## [Data supplied]
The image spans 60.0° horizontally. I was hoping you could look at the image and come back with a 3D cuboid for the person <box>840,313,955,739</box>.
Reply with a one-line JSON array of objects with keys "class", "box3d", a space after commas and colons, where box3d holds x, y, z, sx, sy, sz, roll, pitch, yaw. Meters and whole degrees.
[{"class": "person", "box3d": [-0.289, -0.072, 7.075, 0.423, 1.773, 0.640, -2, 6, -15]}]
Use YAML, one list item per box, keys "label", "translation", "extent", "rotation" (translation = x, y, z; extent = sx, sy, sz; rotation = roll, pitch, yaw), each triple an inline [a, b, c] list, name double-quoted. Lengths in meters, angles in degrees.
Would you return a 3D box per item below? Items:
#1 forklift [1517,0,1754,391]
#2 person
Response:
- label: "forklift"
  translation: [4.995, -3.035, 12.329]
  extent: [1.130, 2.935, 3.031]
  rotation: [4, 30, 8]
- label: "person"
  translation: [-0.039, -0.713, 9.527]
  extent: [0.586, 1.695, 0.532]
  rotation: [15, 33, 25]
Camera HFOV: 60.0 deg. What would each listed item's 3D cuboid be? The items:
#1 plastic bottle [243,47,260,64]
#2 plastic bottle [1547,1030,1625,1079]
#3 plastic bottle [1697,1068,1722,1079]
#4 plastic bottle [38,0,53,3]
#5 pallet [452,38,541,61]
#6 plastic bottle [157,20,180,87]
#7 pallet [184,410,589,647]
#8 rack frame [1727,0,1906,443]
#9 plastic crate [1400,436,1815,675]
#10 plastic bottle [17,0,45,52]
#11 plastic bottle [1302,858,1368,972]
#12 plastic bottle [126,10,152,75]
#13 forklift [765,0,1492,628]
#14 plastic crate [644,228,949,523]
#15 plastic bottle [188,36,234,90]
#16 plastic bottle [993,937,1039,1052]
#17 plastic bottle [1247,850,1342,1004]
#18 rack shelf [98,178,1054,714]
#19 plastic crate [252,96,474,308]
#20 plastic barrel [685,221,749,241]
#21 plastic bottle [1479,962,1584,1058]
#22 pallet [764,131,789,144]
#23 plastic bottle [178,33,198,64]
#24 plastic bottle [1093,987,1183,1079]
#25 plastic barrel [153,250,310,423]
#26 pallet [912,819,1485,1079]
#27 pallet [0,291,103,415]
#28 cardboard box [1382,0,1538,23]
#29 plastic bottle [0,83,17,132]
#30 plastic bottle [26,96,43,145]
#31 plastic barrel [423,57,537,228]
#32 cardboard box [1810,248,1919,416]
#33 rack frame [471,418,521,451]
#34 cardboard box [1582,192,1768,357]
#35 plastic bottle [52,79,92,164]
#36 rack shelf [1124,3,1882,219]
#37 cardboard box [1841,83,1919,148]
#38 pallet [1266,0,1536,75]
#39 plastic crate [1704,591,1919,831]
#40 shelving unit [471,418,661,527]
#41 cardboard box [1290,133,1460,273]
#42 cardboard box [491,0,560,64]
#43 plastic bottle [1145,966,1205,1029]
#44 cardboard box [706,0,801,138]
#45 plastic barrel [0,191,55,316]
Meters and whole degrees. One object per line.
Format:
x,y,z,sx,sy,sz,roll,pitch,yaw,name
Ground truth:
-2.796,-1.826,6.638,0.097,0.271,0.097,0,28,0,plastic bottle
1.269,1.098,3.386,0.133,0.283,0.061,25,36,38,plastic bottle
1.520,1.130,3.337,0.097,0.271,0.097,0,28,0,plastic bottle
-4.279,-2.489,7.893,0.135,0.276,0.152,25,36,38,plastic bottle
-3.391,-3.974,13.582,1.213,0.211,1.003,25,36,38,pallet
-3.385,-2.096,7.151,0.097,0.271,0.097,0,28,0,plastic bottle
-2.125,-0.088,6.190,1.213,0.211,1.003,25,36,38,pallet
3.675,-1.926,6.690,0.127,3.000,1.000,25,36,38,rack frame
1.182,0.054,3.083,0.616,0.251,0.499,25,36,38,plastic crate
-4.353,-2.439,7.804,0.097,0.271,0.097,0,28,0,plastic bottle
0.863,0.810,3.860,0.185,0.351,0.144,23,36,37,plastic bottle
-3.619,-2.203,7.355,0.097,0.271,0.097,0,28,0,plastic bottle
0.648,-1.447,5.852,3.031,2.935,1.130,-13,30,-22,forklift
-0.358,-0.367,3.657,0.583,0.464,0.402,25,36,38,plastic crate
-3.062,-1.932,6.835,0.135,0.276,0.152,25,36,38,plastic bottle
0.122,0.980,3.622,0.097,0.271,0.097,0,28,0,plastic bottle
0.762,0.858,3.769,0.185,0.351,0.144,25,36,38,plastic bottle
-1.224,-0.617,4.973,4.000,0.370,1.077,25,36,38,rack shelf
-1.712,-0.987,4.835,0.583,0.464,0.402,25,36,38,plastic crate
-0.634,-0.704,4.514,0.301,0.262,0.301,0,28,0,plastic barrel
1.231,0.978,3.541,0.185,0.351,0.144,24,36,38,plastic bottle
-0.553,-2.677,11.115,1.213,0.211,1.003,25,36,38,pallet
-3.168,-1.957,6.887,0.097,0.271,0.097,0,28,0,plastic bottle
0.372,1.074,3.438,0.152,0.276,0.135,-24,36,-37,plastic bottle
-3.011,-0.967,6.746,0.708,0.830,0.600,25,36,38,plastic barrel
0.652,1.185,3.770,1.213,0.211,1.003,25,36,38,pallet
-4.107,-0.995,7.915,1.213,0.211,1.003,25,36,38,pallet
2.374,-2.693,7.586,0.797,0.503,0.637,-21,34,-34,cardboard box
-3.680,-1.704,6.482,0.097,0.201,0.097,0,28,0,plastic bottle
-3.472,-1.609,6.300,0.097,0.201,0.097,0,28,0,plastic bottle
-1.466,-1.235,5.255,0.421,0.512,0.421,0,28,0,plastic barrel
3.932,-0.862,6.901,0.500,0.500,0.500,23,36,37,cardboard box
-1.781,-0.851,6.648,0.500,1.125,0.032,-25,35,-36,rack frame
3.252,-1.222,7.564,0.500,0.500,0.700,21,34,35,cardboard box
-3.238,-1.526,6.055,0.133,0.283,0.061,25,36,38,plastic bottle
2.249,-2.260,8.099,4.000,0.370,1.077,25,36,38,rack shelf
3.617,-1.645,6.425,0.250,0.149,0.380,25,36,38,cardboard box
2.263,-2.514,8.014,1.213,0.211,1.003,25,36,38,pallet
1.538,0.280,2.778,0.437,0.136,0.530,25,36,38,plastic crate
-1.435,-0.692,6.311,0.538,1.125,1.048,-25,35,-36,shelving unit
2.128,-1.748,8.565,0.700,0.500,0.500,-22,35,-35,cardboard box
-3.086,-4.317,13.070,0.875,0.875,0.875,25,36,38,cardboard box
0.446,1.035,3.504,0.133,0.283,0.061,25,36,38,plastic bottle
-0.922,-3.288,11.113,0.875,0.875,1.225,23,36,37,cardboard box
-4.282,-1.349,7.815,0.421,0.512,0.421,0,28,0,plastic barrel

## [Exercise brief]
Please filter the listing down to lines that include the word "each".

## [Written response]
Use YAML, one list item per box, keys "label", "translation", "extent", "rotation" (translation = x, y, z; extent = sx, sy, sz; rotation = roll, pitch, yaw), each triple an inline [a, b, c] list, name double-quoted. Lengths in meters, angles in degrees.
Camera HFOV: 60.0 deg. What would each listed item's 3D cuboid be? The items:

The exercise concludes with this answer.